You won't know the extent of the damage until you crack her open. There aren't any bearings...just the rod riding on the crank. Best case you're only out a rod...which can be had for ~ 45 bucks. The risk as you're aware that there's also damage to the rings/bore & crank...then the cost starts approaching/exceeding that of a new clone motor...and you're down for possibly weeks waiting for parts. 

Repower & keep the Tecumseh as a side project?


----------



## 94EG8 (Feb 13, 2014)

Pull it apart and take a look at it, usually the rod punches a hole in the side of the block behind the electric starter, occasionally you get lucky and it doesn't. Sometimes it cracks up into the cylinder or the sump cover, in these cases the engine is ruined. If it's just a hole in the middle of the block it can be patched with some fine wire mesh and JB Weld. You'll need to clean up the crank journal where the old rod transferred aluminum to the cast iron journal. Do this with some sand paper or emery cloth, finish with something super fine. Then replace the rod.


----------



## jh15 (Feb 16, 2015)

Thanks for replies. In bed with cold will check for hole, if none try to get rod locally, see if my In-hand 301cc or other predator will fit first just in case.

Are jets adjustable? Don't want to void extended warranty.

Will the little 99 dollar engine, 212cc work ok?

I never used the 120v starter, but I may rig up a bicycle light and battery pack for the heated handles later.

To minimise cold exposure any others welcome to chip in.

I can't find height or diameter of my 11.5hp ohsk110 output shaft in manual.


----------



## Kiss4aFrog (Nov 3, 2013)

Jets need to be replaced or drilled. I picked up a set of drills on Ebay for just such an occasion as I had a couple that still hunted for idle even after being cleaned. The newer non adjustable carbs are just so lean ...

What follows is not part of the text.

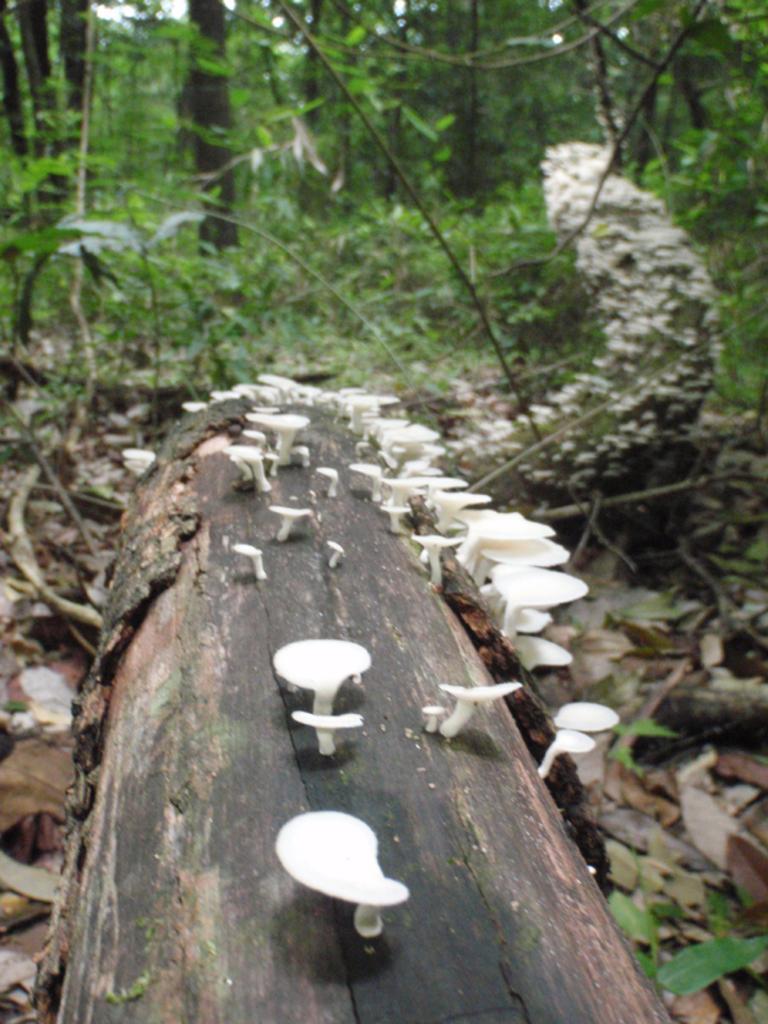In one or two sentences, can you explain what this image depicts? In this picture I can see there is a tree trunk and there are few mushrooms, there are a few plants and trees in the backdrop and the backdrop of the image is blurred.

Jet kit for Honda Clone engines


----------



## classiccat (Mar 1, 2014)

jh15 said:


> Thanks for replies. In bed with cold will check for hole, if none try to get rod locally, see if my In-hand 301cc or other predator will fit first just in case.
> 
> Are jets adjustable? Don't want to void extended warranty.
> 
> ...


Here are the engine specs for the ohsk90-110:









Crankshaft dimensions:


----------



## GustoGuy (Nov 19, 2012)

jh15 said:


> Thanks for replies. In bed with cold will check for hole, if none try to get rod locally, see if my In-hand 301cc or other predator will fit first just in case.
> 
> Are jets adjustable? Don't want to void extended warranty.
> 
> ...


How wide is your Snowblower ' s bucket? If it is greater than 26 inches I would use only the bigger engine. Plus your used to a larger engine anyways so bigger is almost always better. There is no replacement for displacement.


----------



## jh15 (Feb 16, 2015)

Thanks for the dimensions.

bucket is 28"

Update on my status: Removed starter, and underneath is a crack in case, no hole, and was wet with a couple oil drops.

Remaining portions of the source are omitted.